22. El trámite de cumplimiento y la solicitud incidental de desacato son procedimientos distintos. El primero tiene una naturaleza constitucional, mientras que el segundo es un instrumento sancionatorio de creación legal. Además, la responsabilidad exigida para el cumplimiento es objetiva -analizar si la orden de amparo se ha cumplido- y la relacionada con el desacato es subjetiva -sancionar con arresto o multa a quien desatienda las órdenes proferidas en sentencias de tutela-. Sin embargo, ambos trámites mantienen propósitos comunes: garantizar la ejecución material de las providencias, asegurar la tutela judicial efectiva y hacer que en un plazo razonable se cumplan las decisiones adoptadas.
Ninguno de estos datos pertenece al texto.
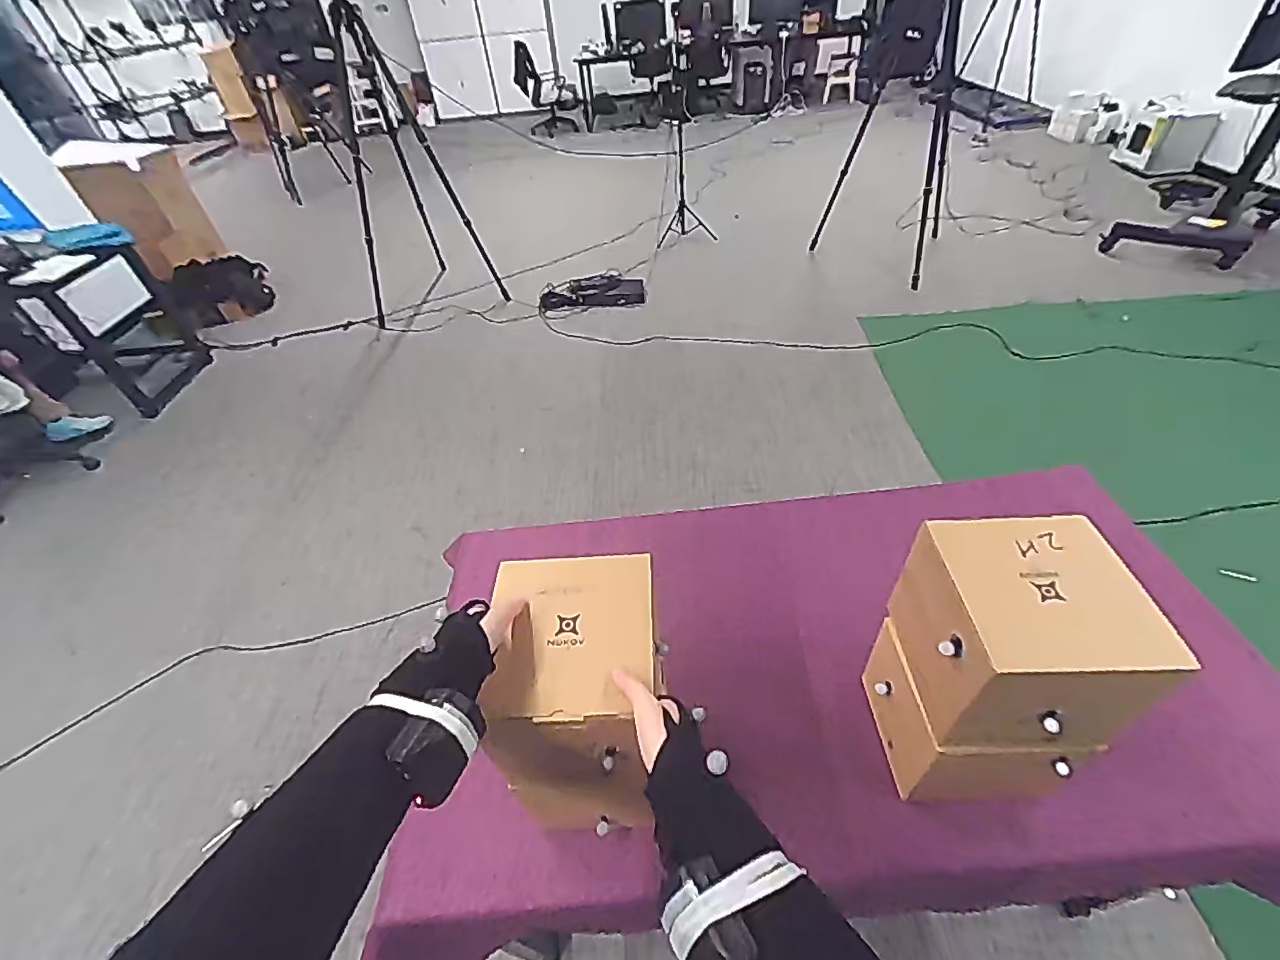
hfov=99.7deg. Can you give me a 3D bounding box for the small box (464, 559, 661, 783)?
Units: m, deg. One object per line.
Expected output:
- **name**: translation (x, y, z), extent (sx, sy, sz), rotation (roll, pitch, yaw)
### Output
- **small box**: translation (-0.064, 0.206, 0.575), extent (0.168, 0.176, 0.179), rotation (-3, 43, 3)

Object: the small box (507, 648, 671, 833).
- **small box**: translation (-0.051, 0.328, 0.683), extent (0.179, 0.176, 0.168), rotation (-4, 43, 3)

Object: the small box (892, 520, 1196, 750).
- **small box**: translation (0.384, 0.163, 0.561), extent (0.168, 0.176, 0.179), rotation (-2, 43, 5)

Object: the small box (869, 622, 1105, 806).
- **small box**: translation (0.399, 0.287, 0.668), extent (0.179, 0.176, 0.168), rotation (-4, 43, 3)
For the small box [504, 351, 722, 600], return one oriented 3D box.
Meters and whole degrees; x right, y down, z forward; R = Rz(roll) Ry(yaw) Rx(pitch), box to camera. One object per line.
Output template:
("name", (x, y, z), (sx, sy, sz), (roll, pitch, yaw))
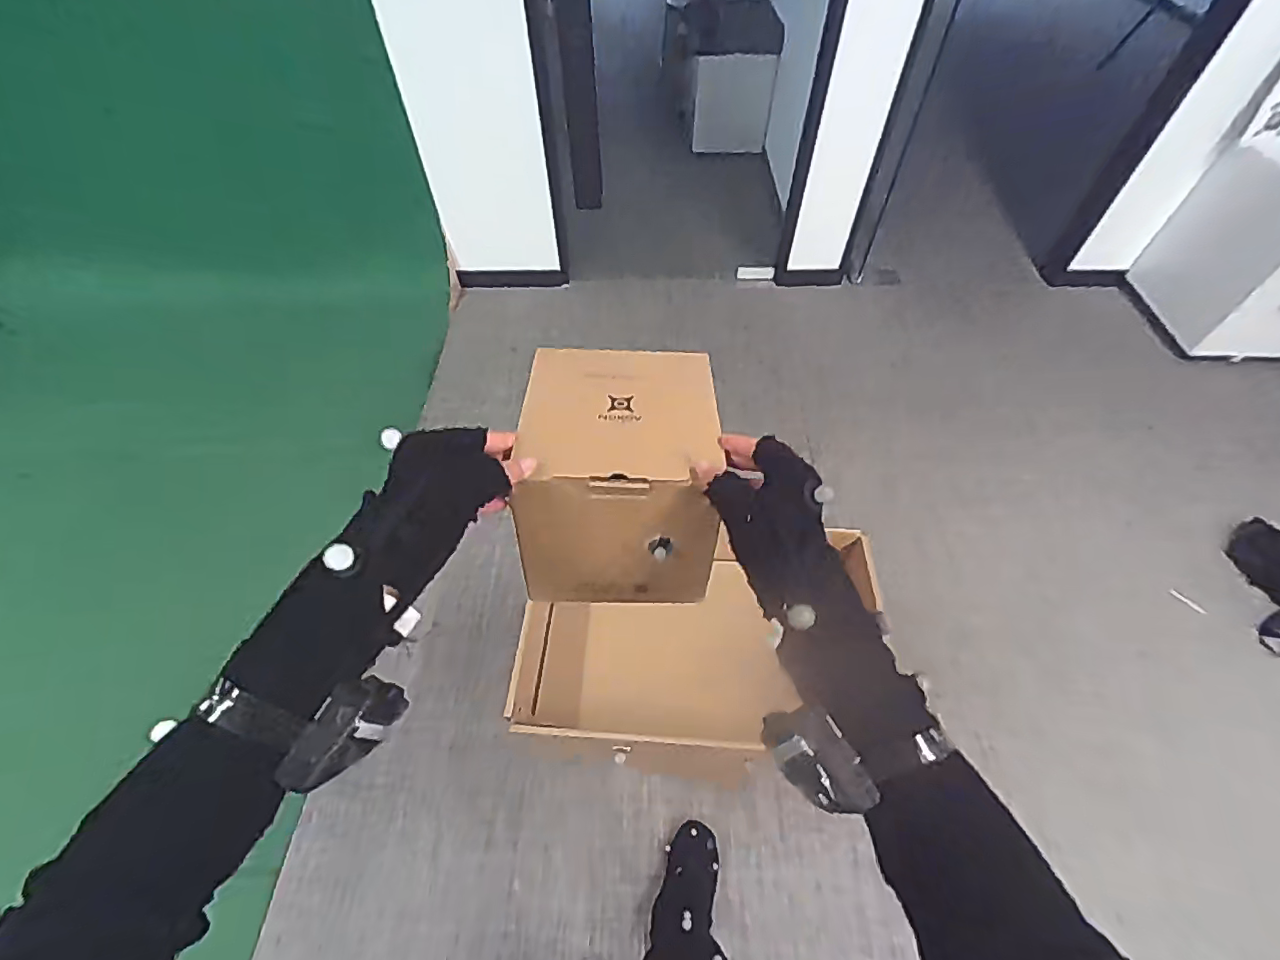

Por estas finalidades, el trámite de cumplimiento y el incidente de desacato no son procedimientos excluyentes, ni el primero constituye un prerrequisito del segundo, luego, pueden tramitarse simultánea o sucesivamente[10].
23. En particular, el incidente de desacato previsto en el artículo 52 del Decreto Ley 2591 de 1991 es un mecanismo procesal que puede conducir a la imposición de una sanción a la persona que, en efecto, incumple la orden de amparo constitucional[11]. La autoridad judicial que adelante el incidente debe verificar: (i) a quién se dirigió la orden, (ii) en qué término debía ejecutarse, (iii) el alcance de esta, (iv) si efectivamente existió incumplimiento parcial o integral de la orden dictada en la sentencia y, de ser el caso, (v) cuáles fueron las razones por las que la persona accionada no obedeció lo ordenado dentro del proceso[12].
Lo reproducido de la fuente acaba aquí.